By Aimee Green | The Oregonian/OregonLive
If Lane County is going to beat back a skyrocketing rise in new COVID-19 cases, University of Oregon freshman Brandon Orick knows one thing must stop: Parties.
“You walk around on a Friday or Saturday night and you hear loud music,” said Orick, 19. “You hear tons of people in small spaces in apartment buildings and you know that people are still pursuing a normal college experience. It’s sad and irresponsible.”
UO’s challenges are not unique as students return to college towns. All three of Oregon’s largest public universities have been nervously watching the spread of COVID-19 on and around their campuses, in an unparalleled experiment as higher education institutions across the country reopen for fall term during the pandemic.
The University of Oregon, Oregon State University and Portland State University all have enacted a long list of safety protocols, some more stringent than others. That includes holding the vast majority of classes online. But it remains unanswered whether that will be enough, especially as the 23,000-student UO has emerged as a frontrunner in fueling new cases.

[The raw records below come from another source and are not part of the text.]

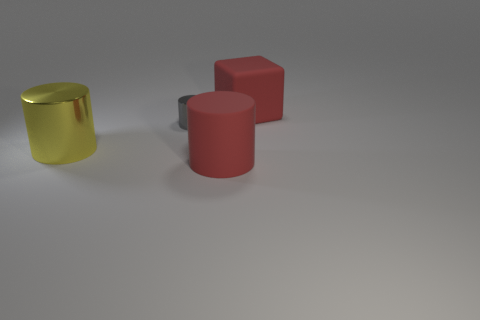Is there anything else that has the same size as the gray shiny cylinder?
Offer a terse response. No. There is a cylinder that is the same color as the cube; what is its size?
Give a very brief answer. Large. There is a matte cube; is its color the same as the large cylinder that is right of the yellow metallic thing?
Offer a very short reply. Yes. How many other things are the same size as the red cylinder?
Ensure brevity in your answer.  2. There is a red rubber cube; is it the same size as the yellow thing behind the matte cylinder?
Make the answer very short. Yes. There is a cylinder that is both to the right of the yellow cylinder and in front of the tiny gray cylinder; what color is it?
Offer a very short reply. Red. How many other things are there of the same shape as the large yellow object?
Your answer should be compact. 2. There is a large object that is behind the big yellow metal cylinder; is it the same color as the large rubber object that is in front of the tiny gray metallic cylinder?
Give a very brief answer. Yes. Do the metallic cylinder left of the gray shiny object and the rubber object in front of the gray shiny cylinder have the same size?
Make the answer very short. Yes. The large thing behind the big cylinder that is to the left of the rubber thing that is in front of the big yellow metal cylinder is made of what material?
Provide a succinct answer. Rubber. 
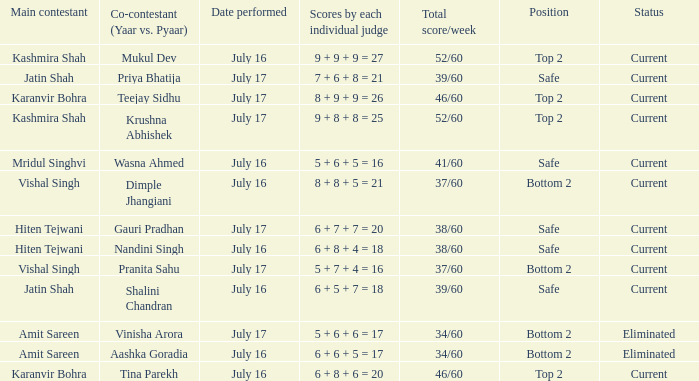In which position did the team end up with a score of 41/60? Safe. 
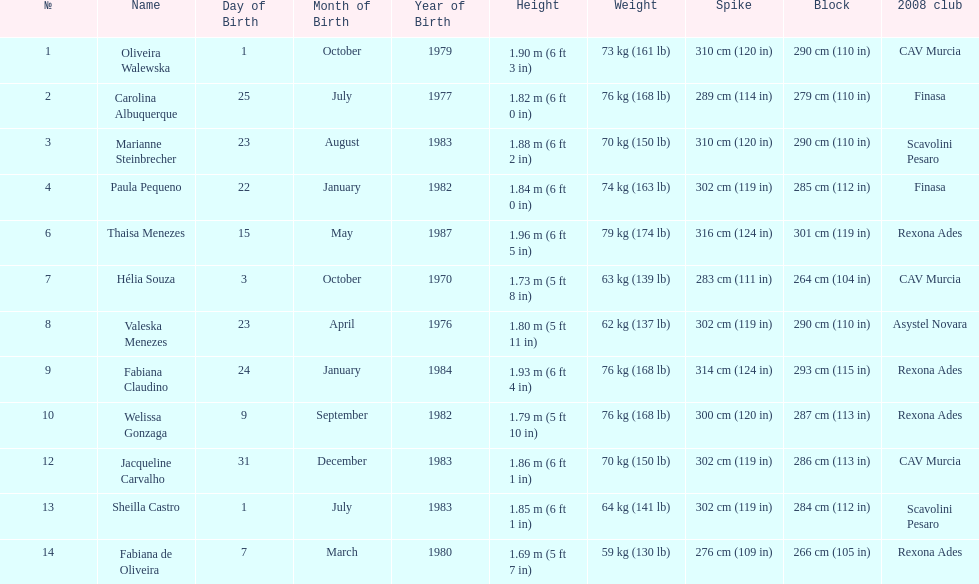Whose weight is the heaviest among the following: fabiana de oliveira, helia souza, or sheilla castro? Sheilla Castro. 
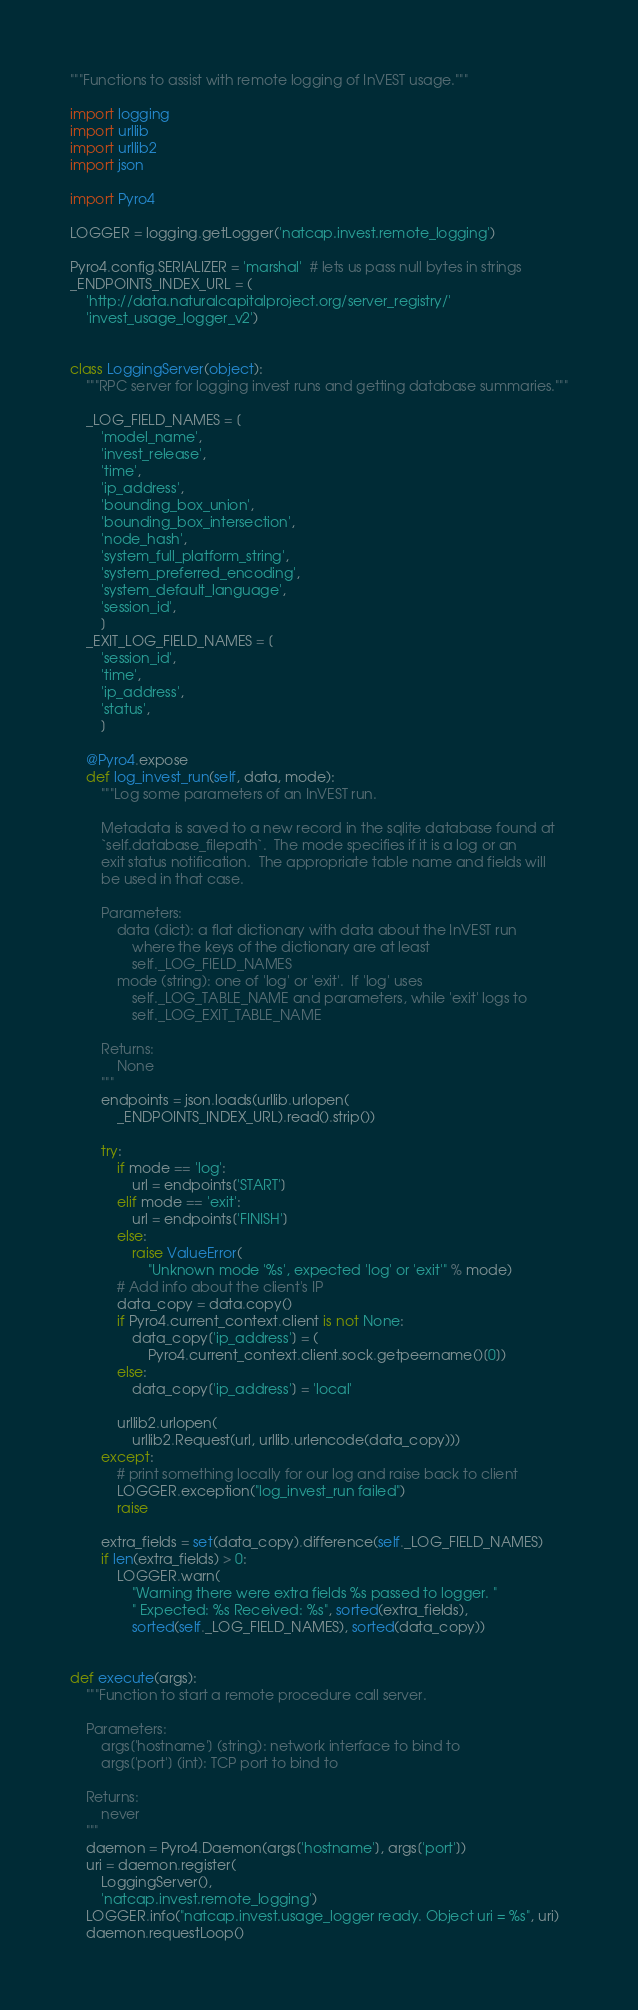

Colleges across the nation have reopened with varying degrees of success — with some of the unsuccessful ones emptying their dorms and switching to all online models because of a spike in infections. One study last month found that in-person classes were responsible for 3,000 new cases per day of COVID-19 nationally, while The New York Times has documented more than 130,000 cases and 70 deaths related to higher education institutions since the pandemic began.
In Lane County, which includes the UO campus, the weekly number of new infections has exploded nine-fold since August, dwarfing the statewide rate of increase. Last week, the first of UO’s fall term, the county logged a record-breaking 245 new cases, up from 27 during the third week of August.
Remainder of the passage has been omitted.